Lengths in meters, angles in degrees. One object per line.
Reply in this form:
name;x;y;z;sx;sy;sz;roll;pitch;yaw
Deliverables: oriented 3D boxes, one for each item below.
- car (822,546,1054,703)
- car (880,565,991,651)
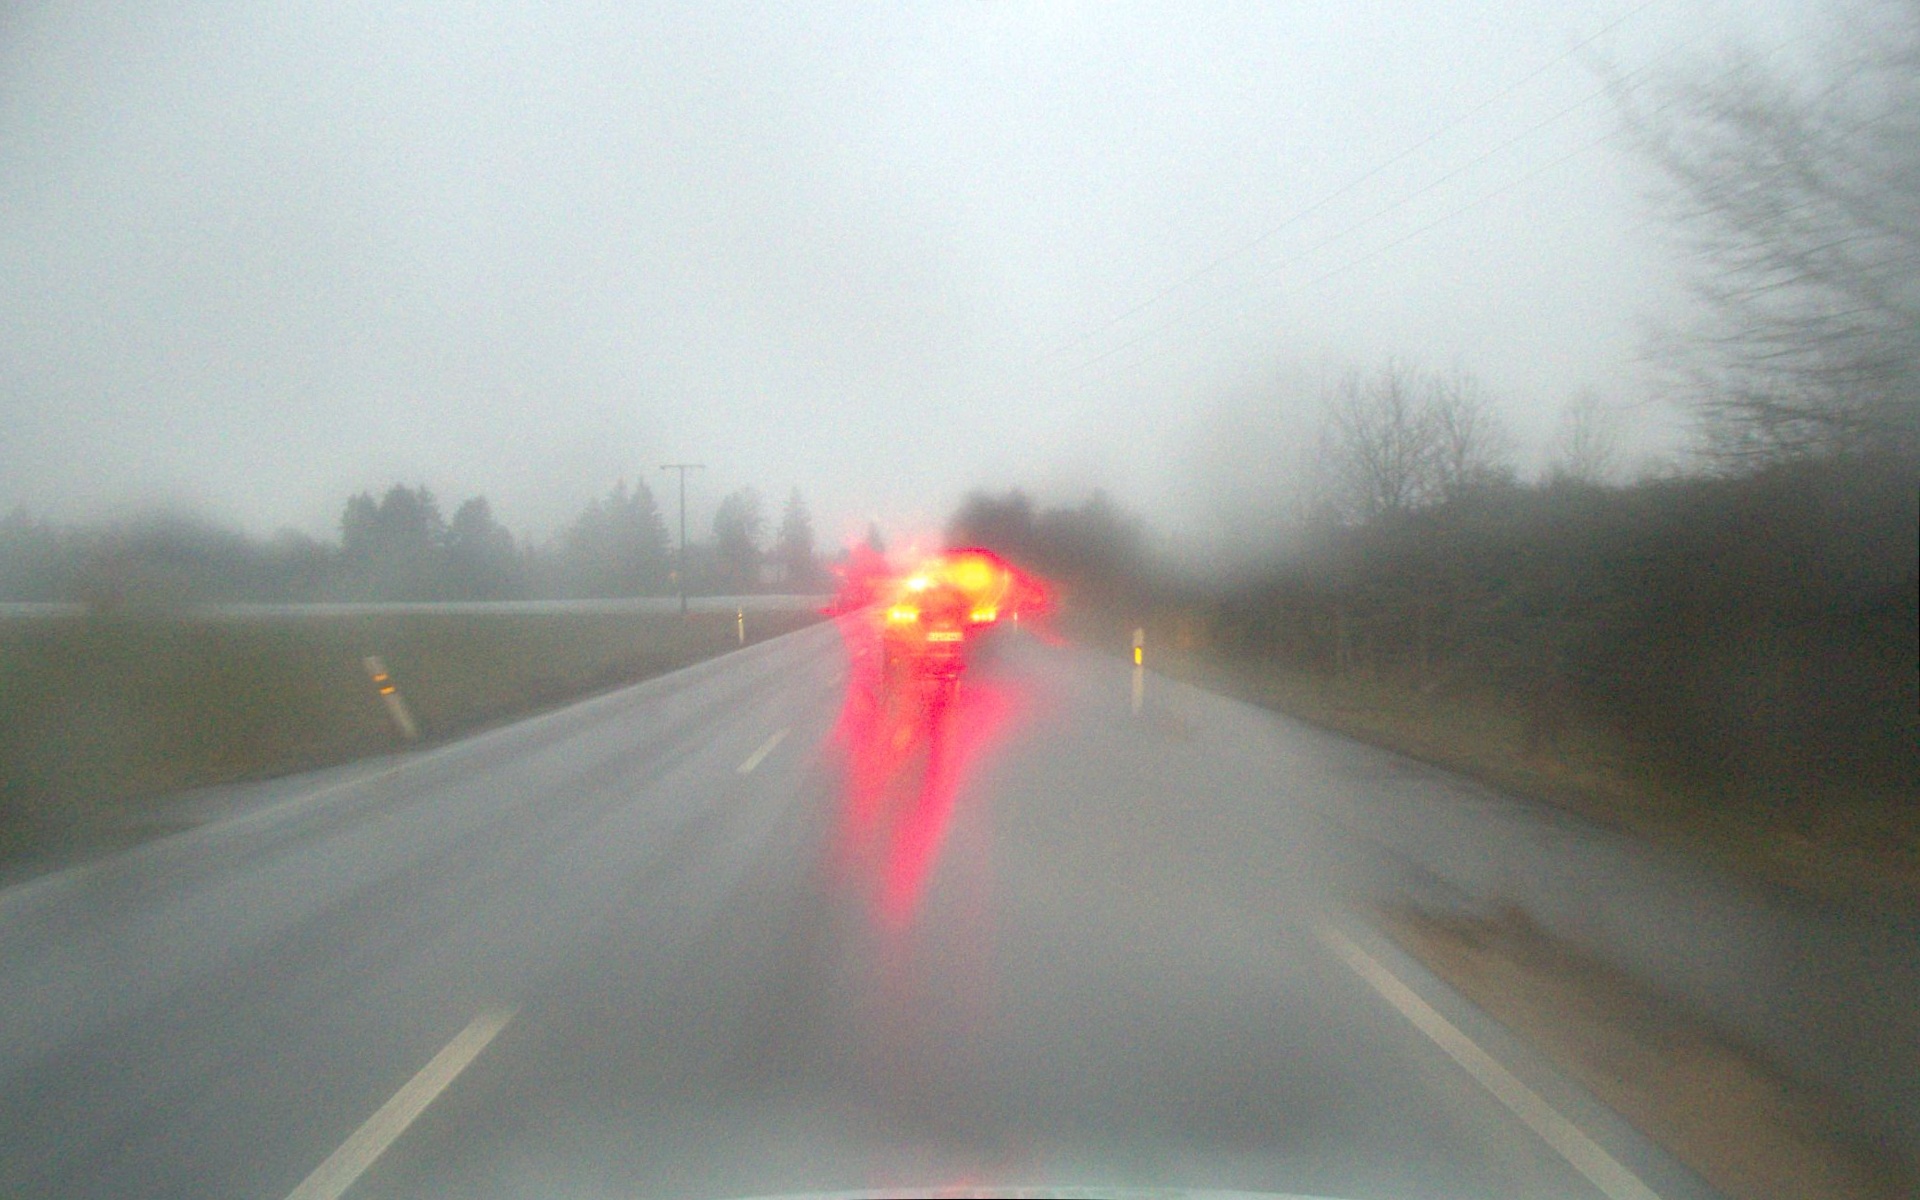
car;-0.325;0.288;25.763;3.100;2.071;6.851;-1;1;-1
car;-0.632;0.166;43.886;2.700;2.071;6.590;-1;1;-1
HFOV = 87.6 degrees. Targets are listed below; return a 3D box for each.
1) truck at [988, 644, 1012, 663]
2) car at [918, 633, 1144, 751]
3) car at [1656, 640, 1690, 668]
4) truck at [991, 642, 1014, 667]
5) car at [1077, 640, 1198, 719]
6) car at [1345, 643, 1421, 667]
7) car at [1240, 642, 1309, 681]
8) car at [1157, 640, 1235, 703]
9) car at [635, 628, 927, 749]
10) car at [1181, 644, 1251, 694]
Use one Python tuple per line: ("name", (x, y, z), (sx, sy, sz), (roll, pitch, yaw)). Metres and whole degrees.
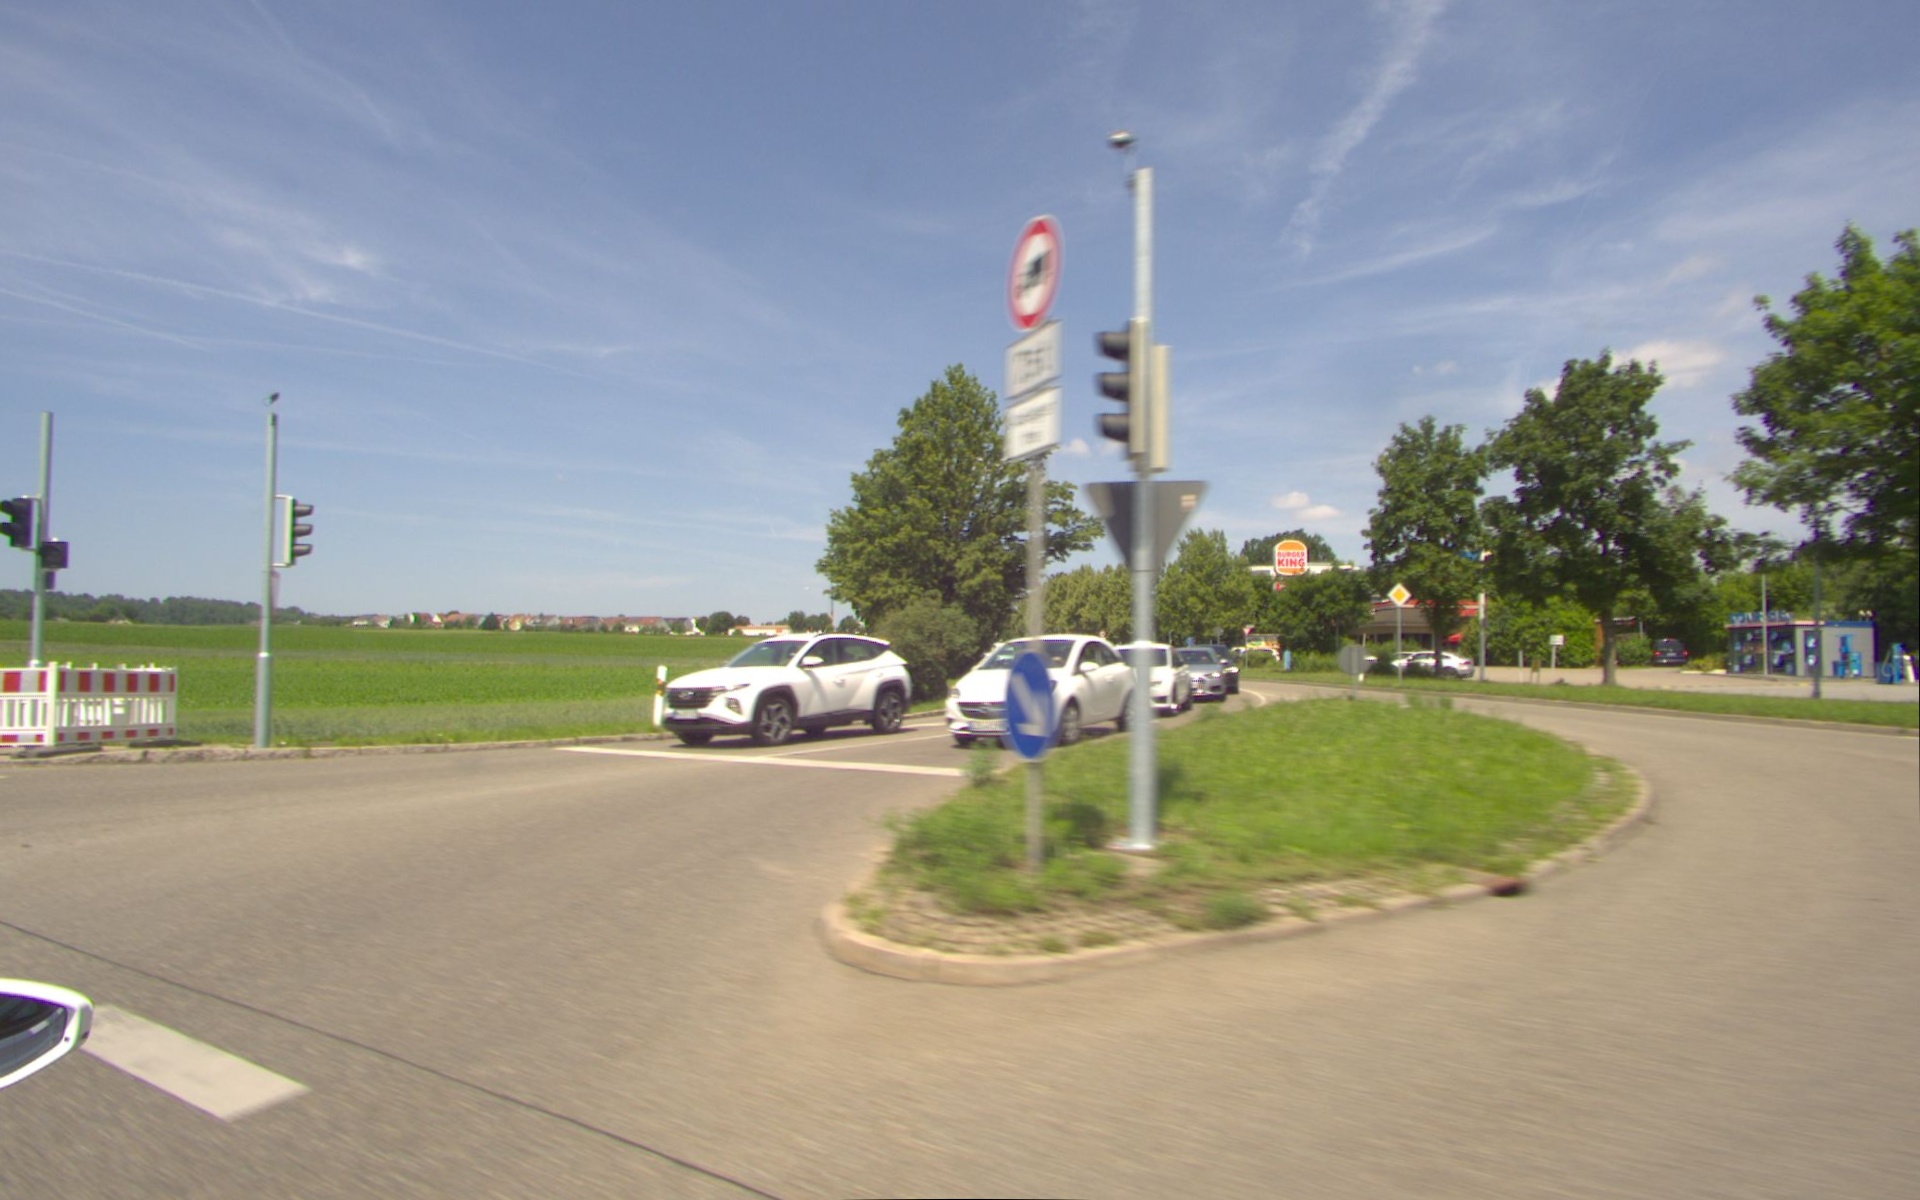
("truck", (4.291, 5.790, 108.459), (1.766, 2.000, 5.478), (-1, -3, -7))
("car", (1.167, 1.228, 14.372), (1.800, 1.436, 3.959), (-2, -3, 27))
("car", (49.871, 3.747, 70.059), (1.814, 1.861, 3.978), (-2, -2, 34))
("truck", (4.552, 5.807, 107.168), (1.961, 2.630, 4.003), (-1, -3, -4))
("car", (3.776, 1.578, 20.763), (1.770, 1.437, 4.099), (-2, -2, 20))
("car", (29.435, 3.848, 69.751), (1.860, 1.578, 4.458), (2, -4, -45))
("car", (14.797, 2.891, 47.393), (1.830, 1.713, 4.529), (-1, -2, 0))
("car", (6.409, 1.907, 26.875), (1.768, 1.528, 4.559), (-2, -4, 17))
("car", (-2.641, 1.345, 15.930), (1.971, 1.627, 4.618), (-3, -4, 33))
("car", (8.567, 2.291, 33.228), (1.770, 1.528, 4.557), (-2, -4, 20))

═══

§ Work to be completed:
The line containing "10) car at [1181, 644, 1251, 694]" marks the end: transcribe every line from the start of the listing up to and including it, minus the pictures.

§ Response to this task:
Lengths in meters, angles in degrees. One object per line.
Reply in this form:
name;x;y;z;sx;sy;sz;roll;pitch;yaw
Deliverables: oriented 3D boxes, one for each item below.
- car (822,546,1054,703)
- car (880,565,991,651)
car;-0.325;0.288;25.763;3.100;2.071;6.851;-1;1;-1
car;-0.632;0.166;43.886;2.700;2.071;6.590;-1;1;-1
HFOV = 87.6 degrees. Targets are listed below; return a 3D box for each.
1) truck at [988, 644, 1012, 663]
2) car at [918, 633, 1144, 751]
3) car at [1656, 640, 1690, 668]
4) truck at [991, 642, 1014, 667]
5) car at [1077, 640, 1198, 719]
6) car at [1345, 643, 1421, 667]
7) car at [1240, 642, 1309, 681]
8) car at [1157, 640, 1235, 703]
9) car at [635, 628, 927, 749]
10) car at [1181, 644, 1251, 694]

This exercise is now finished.